Now you also see how associated a word is to another word or a list of words. Choose the association coefficient.
# Compute associations for all high freq terms
findAssocs(myTDM, HiFreqWrds, 0.4)
## $can
## numeric(0)
##
## $chance
## numeric(0)
##
## $class
## numeric(0)
##
## $classes
## numeric(0)
##
## $continue
## numeric(0)
##
## $education
## numeric(0)
##
## $explore
## numeric(0)
##
## $fun
## numeric(0)
##
## $great
## numeric(0)
##
## $interest
## numeric(0)
##
## $interesting
## numeric(0)
##
## $interests
## numeric(0)
##
## $knowledge
## numeric(0)
##
## $learn
## numeric(0)
##
## $learning
## numeric(0)
##
## $life
## numeric(0)
##
## $lifelong
## numeric(0)
##
## $love
## numeric(0)
##
## $means
## numeric(0)
##
## $new
## numeric(0)
##
## $oppounity
## numeric(0)
##
## $people
## meet
## 0.53
##
## $skills
## numeric(0)
##
## $something
## numeric(0)
##
## $take
## numeric(0)
##
## $things
## numeric(0)
##
## $time
## numeric(0)
##
## $way
## numeric(0)
Looks like only one term had an association of at least 40%
# or, just compute word strength associations
findAssocs(myTDM, "learn", 0.5)
## $learn
## numeric(0)
Looks like the word “learn” has no associations at the 50% level. See what happens if you lower it.

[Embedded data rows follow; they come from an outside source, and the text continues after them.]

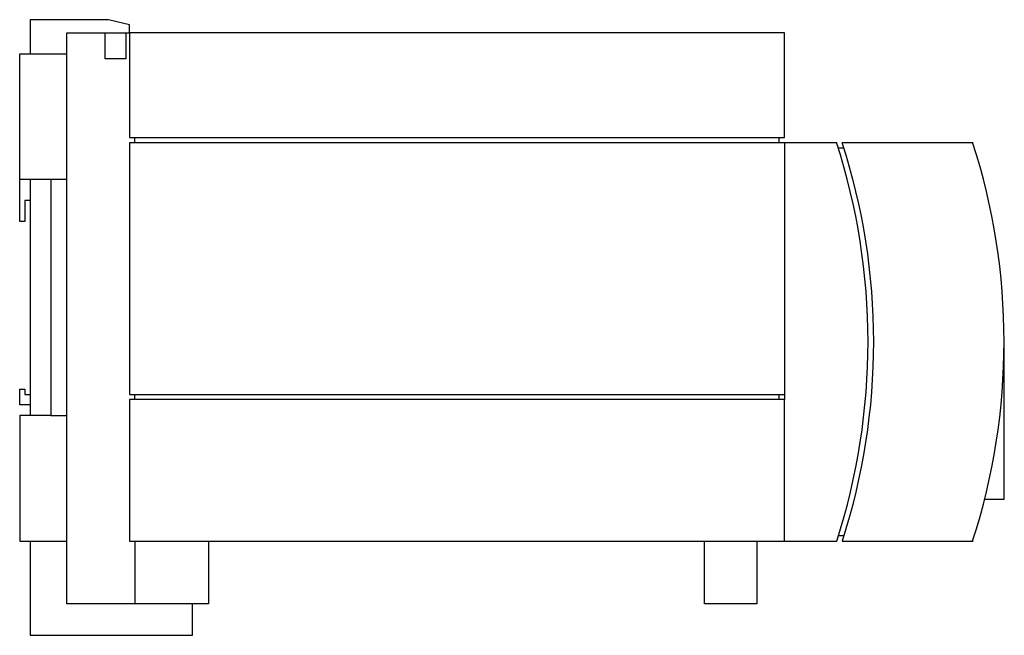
# Model space of a CAD drawing. Header units: millimetres. Extents: x 952 to 1780, y 444 to 1117.
# Tile 11 of 14: x 1510 to 1698, y 736 to 853. Entities that reach past the tile are written whole.
import ezdxf

# ---------------------------------------------------------------- set-up
doc = ezdxf.new("R2010")
doc.units = ezdxf.units.MM
doc.layers.add('PDF_Geometry', color=7, linetype='Continuous')

msp = doc.modelspace()

# ---------------------------------------------------------------- linework, layer by layer
at = {"layer": 'PDF_Geometry', "lineweight": -3}
for points in [[(1546.28, 753.83), (1546.28, 741.81), (1546.2, 741.81), (1545.99, 741.81), (1545.6, 741.81), (1545.1, 741.81), (1544.5, 741.81), (1543.78, 741.81), (1542.98, 741.81), (1542.13, 741.81), (1541.29, 741.81), (1541.03, 741.81), (1540.19, 741.81), (1539.25, 741.81), (1538.28, 741.81), (1537.26, 741.81), (1519.23, 741.81), (1519.23, 753.79), (1519.23, 753.87), (1519.23, 754.13), (1519.23, 754.51), (1519.23, 755.06), (1519.23, 755.74), (1519.23, 756.54), (1519.23, 757.47), (1519.23, 758.49), (1519.23, 759.55), (1519.23, 760.65), (1519.23, 761.79), (1519.23, 769.79), (1519.23, 770.94), (1519.23, 772.04), (1519.23, 773.14), (1519.23, 774.11), (1519.23, 775.04), (1519.23, 775.85), (1519.23, 776.52), (1519.23, 777.07), (1519.23, 777.46), (1519.23, 777.71), (1519.23, 777.79), (1519.23, 822.8), (1519.23, 822.89), (1519.23, 823.14), (1519.23, 823.52), (1519.23, 824.07), (1519.23, 824.75), (1519.23, 825.55), (1519.23, 826.48), (1519.23, 827.5), (1519.23, 828.56), (1519.23, 829.66), (1519.23, 830.8), (1519.23, 838.81), (1519.23, 839.95), (1519.23, 841.05), (1519.23, 842.15), (1519.23, 843.12), (1519.23, 844.06), (1519.23, 844.86), (1519.23, 845.54), (1519.23, 846.09), (1519.23, 846.51), (1519.23, 846.72), (1519.23, 846.81), (1519.23, 850.83), (1531.25, 850.83), (1531.25, 852.35), (1527.23, 853.33), (1512.24, 853.33), (1512.24, 846.81)], [(1530.53, 850.83), (1530.53, 845.83), (1530.49, 845.83), (1530.28, 845.83), (1529.94, 845.83), (1529.56, 845.83), (1529.05, 845.83), (1528.54, 845.83), (1528.03, 845.83), (1527.53, 845.83), (1527.1, 845.83), (1526.81, 845.83), (1526.59, 845.83), (1526.55, 845.83), (1526.55, 850.83)], [(1512.24, 818.82), (1511.22, 818.82), (1511.22, 814.84), (1510.25, 814.84), (1510.25, 822.8), (1510.25, 822.89), (1510.25, 823.14), (1510.25, 823.52), (1510.25, 824.07), (1510.25, 824.75), (1510.25, 825.55), (1510.25, 826.48), (1510.25, 827.5), (1510.25, 828.56), (1510.25, 829.66), (1510.25, 830.8), (1510.25, 838.81), (1510.25, 839.95), (1510.25, 841.05), (1510.25, 842.15), (1510.25, 843.12), (1510.25, 844.06), (1510.25, 844.86), (1510.25, 845.54), (1510.25, 846.09), (1510.25, 846.51), (1510.25, 846.72), (1510.25, 846.81), (1516.22, 846.81), (1519.23, 846.81)], [(1656.28, 829.83), (1656.2, 829.83), (1656.03, 829.83), (1655.69, 829.83), (1655.26, 829.83), (1654.8, 829.83), (1654.29, 829.83), (1533.24, 829.83), (1532.73, 829.83), (1532.23, 829.83), (1531.84, 829.83), (1531.51, 829.83), (1531.29, 829.83), (1531.25, 829.83), (1531.25, 781.82), (1531.29, 781.82), (1531.51, 781.82), (1531.84, 781.82), (1532.23, 781.82), (1532.73, 781.82), (1533.24, 781.82), (1654.29, 781.82), (1654.8, 781.82), (1655.26, 781.82), (1655.69, 781.82), (1656.03, 781.82), (1656.2, 781.82), (1656.28, 781.82)], [(1532.23, 829.83), (1532.23, 830.85)], [(1655.26, 829.83), (1655.26, 830.85)], [(1666.27, 829.83), (1656.28, 829.83), (1656.28, 781.82), (1656.28, 780.84)], [(1692.31, 829.83), (1667.29, 829.83)], [(1666.61, 828.86), (1667.58, 828.86)], [(1516.22, 822.8), (1510.25, 822.8)], [(1512.24, 822.8), (1512.24, 777.79)], [(1519.23, 822.8), (1516.22, 822.8), (1516.22, 777.79), (1519.23, 777.79)], [(1694.6, 761.83), (1698.28, 761.83), (1698.28, 761.92), (1698.28, 762.17), (1698.28, 762.59), (1698.28, 763.14), (1698.28, 763.91), (1698.28, 764.75), (1698.28, 765.73), (1698.28, 766.83), (1698.28, 768.01), (1698.28, 769.24), (1698.28, 770.51), (1698.28, 771.82), (1698.28, 791.85)], [(1512.24, 779.83), (1510.25, 779.83), (1510.25, 782.83), (1511.22, 782.83), (1511.22, 781.82), (1512.24, 781.82)], [(1532.23, 780.84), (1532.23, 781.82)], [(1655.26, 780.84), (1655.26, 781.82)], [(1516.22, 777.79), (1510.25, 777.79), (1510.25, 777.71), (1510.25, 777.46), (1510.25, 777.07), (1510.25, 776.52), (1510.25, 775.85), (1510.25, 775.04), (1510.25, 774.11), (1510.25, 773.14), (1510.25, 772.04), (1510.25, 770.94), (1510.25, 769.79), (1510.25, 761.79), (1510.25, 760.65), (1510.25, 759.55), (1510.25, 758.49), (1510.25, 757.47), (1510.25, 756.54), (1510.25, 755.74), (1510.25, 755.06), (1510.25, 754.51), (1510.25, 754.13), (1510.25, 753.87), (1510.25, 753.79), (1516.22, 753.79), (1519.23, 753.79)], [(1667.58, 754.8), (1666.61, 754.8)], [(1512.24, 753.79), (1512.24, 735.84), (1537.26, 735.84), (1538.2, 735.84), (1539.13, 735.84), (1540.02, 735.84), (1540.82, 735.84), (1541.5, 735.84), (1542.13, 735.84), (1542.6, 735.84), (1542.98, 735.84), (1543.19, 735.84), (1543.28, 735.84), (1543.28, 741.81)], [(1532.27, 753.83), (1532.27, 741.81)], [(1651.03, 753.83), (1651.03, 741.81), (1650.95, 741.81), (1650.73, 741.81), (1650.35, 741.81), (1649.89, 741.81), (1649.25, 741.81), (1648.53, 741.81), (1647.73, 741.81), (1646.92, 741.81), (1646.03, 741.81), (1645.19, 741.81), (1644.34, 741.81), (1643.54, 741.81), (1642.82, 741.81), (1642.22, 741.81), (1641.72, 741.81), (1641.33, 741.81), (1641.12, 741.81), (1641.04, 741.81), (1641.04, 753.83)]]:
    msp.add_lwpolyline(points, dxfattribs=at)
for points in [[(1656.28, 850.83), (1656.2, 850.83), (1656.03, 850.83), (1655.69, 850.83), (1655.26, 850.83), (1654.8, 850.83), (1654.29, 850.83), (1533.24, 850.83), (1532.73, 850.83), (1532.23, 850.83), (1531.84, 850.83), (1531.51, 850.83), (1531.29, 850.83), (1531.25, 850.83), (1531.25, 830.85), (1531.29, 830.85), (1531.51, 830.85), (1531.84, 830.85), (1532.23, 830.85), (1532.73, 830.85), (1533.24, 830.85), (1654.29, 830.85), (1654.8, 830.85), (1655.26, 830.85), (1655.69, 830.85), (1656.03, 830.85), (1656.2, 830.85), (1656.28, 830.85)], [(1656.28, 753.83), (1656.28, 780.84), (1656.2, 780.84), (1656.03, 780.84), (1655.69, 780.84), (1655.26, 780.84), (1654.8, 780.84), (1654.29, 780.84), (1533.24, 780.84), (1532.73, 780.84), (1532.23, 780.84), (1531.84, 780.84), (1531.51, 780.84), (1531.29, 780.84), (1531.25, 780.84), (1531.25, 753.83), (1531.29, 753.83), (1531.51, 753.83), (1531.84, 753.83), (1532.23, 753.83), (1532.73, 753.83), (1533.24, 753.83), (1654.29, 753.83), (1654.8, 753.83), (1655.26, 753.83), (1655.69, 753.83), (1656.03, 753.83), (1656.2, 753.83)]]:
    msp.add_lwpolyline(points, close=True, dxfattribs=at)
for points in [[(1656.28, 753.83), (1666.27, 753.83, 0.157903), (1666.24, 829.88)], [(1667.26, 829.88, -0.157903), (1667.29, 753.83), (1692.31, 753.83)]]:
    msp.add_lwpolyline(points, format="xyb", dxfattribs=at)
msp.add_arc((1574.88, 791.87), 123.36, 342.0541, 17.9464, dxfattribs=at)

doc.saveas('drawing.dxf')

This is a quick and dirty version of sentiment analysis. There are lots more ways of doing this (see the QDAP package vignette). Here we take a cleaned character vector used earlier (i.e. tricia) and compare its sentiment against a grouping variable. Here I use Dat$Q38, which is gender.
library(qdap)
library(ggplot2)
poldat <- with(Dat, polarity(tricia, Dat$Q38))
plot(poldat)
If you get stuck or have questions, you are not alone! We are used to being stuck all the time with problems and we’ve learned that Googling and Stack Overflow have almost always had the answer. It just takes some diligence and hard work. We hope this helps!